A 2023-2024 study by Sen Yang Xiao compares ChatGPT (GPT-4 API), DeepSeek (V3 API), and Google Search on answering cartilage repair questions. The dataset contains results from a matched three-way comparison across cartilage tissue engineering and cartilage repair surgery domains, including quality scoring and readability analysis. It was last updated on May 29, 2026.
Use Cases
- Benchmarking AI model accuracy and safety in medical domains based on the described Accuracy-Safety-Hallucination (ASH) framework scores
- Analyzing the readability of medical information from different sources based on Flesch-Kincaid Grade Level scores
- Comparing the functional roles of AI tools for stakeholder-specific matching based on the policy-oriented versus technical-depth framing described
- Studying question classification patterns in medical FAQs based on the modified Rothwell taxonomy mentioned
Strengths
- Includes a three-way comparison of major platforms (ChatGPT, DeepSeek, Google) on matched questions.
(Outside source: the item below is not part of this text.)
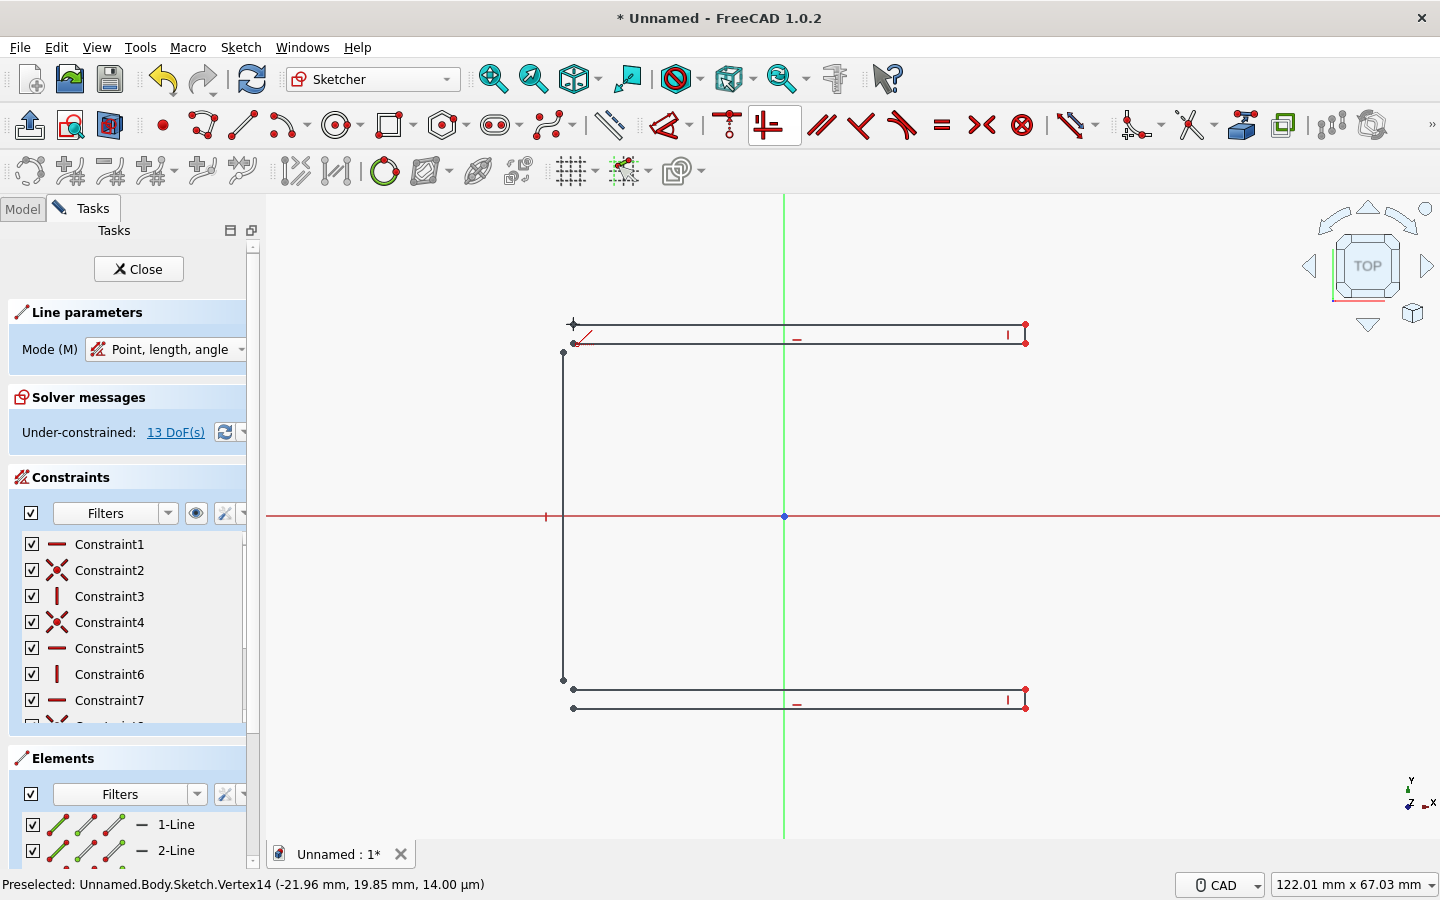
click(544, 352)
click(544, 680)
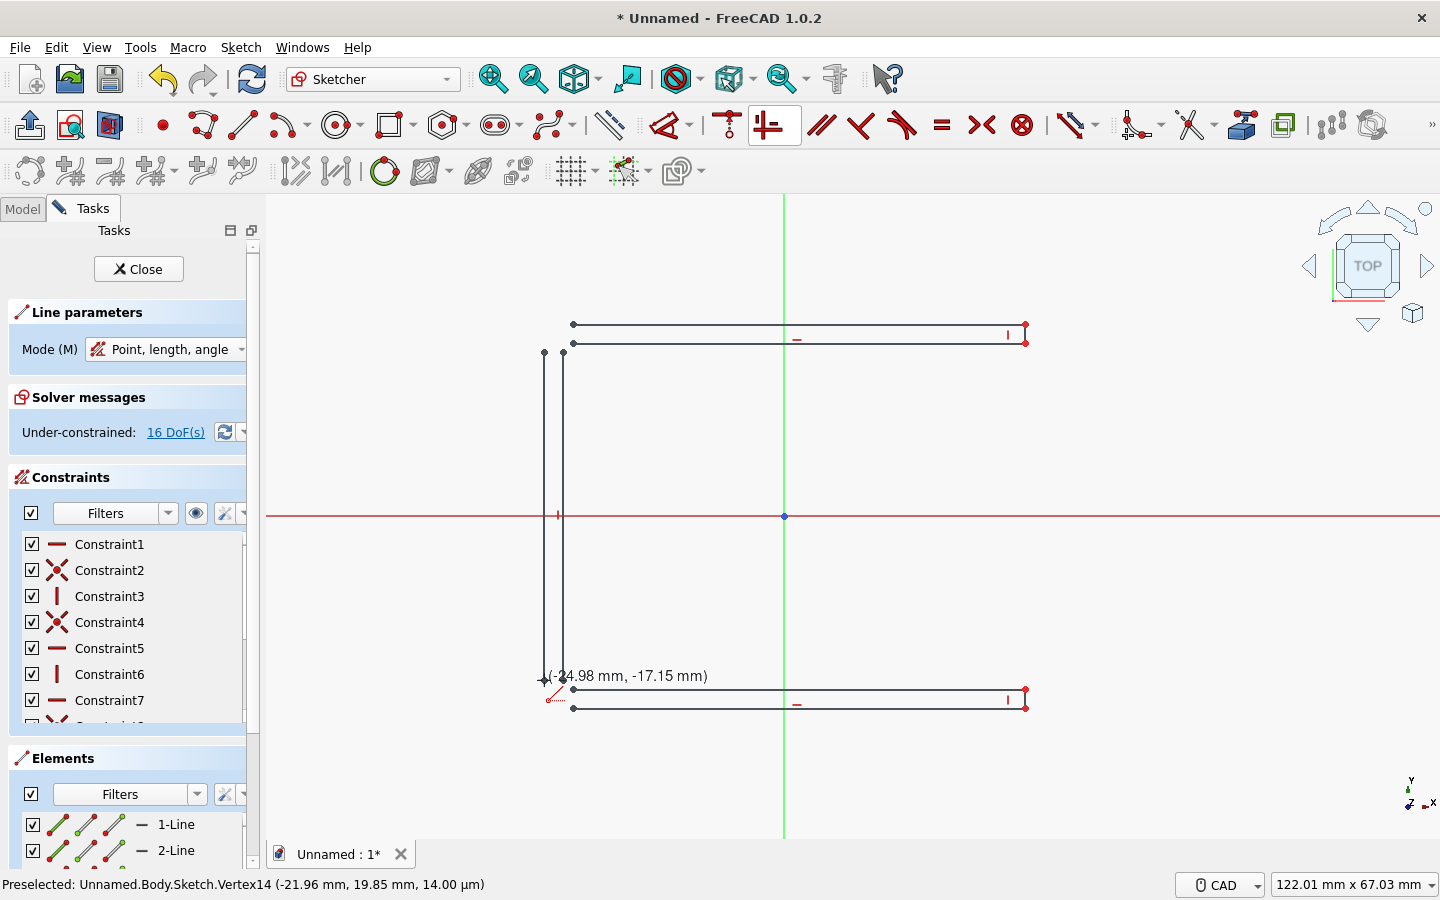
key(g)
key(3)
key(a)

- Employs a dual-axis framework integrating classification, blinded quality scoring by three raters, and readability analysis.
- Results show specific median accuracy scores (e.g., DeepSeek median 5.00 in CTE) and statistically significant p-values (e.g., p = 0.036).
Limitations
- Column-level documentation is absent; field semantics must be inferred after download.
- Row count is unknown, which may limit suitability assessment.
- The dataset is very small at 12.5 KB, indicating limited scope.
Provenance
- Source
- figshare
- Collection Method
- Top-10 Google-derived FAQs per domain were submitted to Google, ChatGPT (GPT-4 API), and DeepSeek (V3 API) for matched comparison.
- Time Range
- Cartilage tissue engineering questions from 2023, cartilage repair surgery questions from 2024.
- Freshness
- Last updated 2026-05-29 05:53:31; freshness should be verified.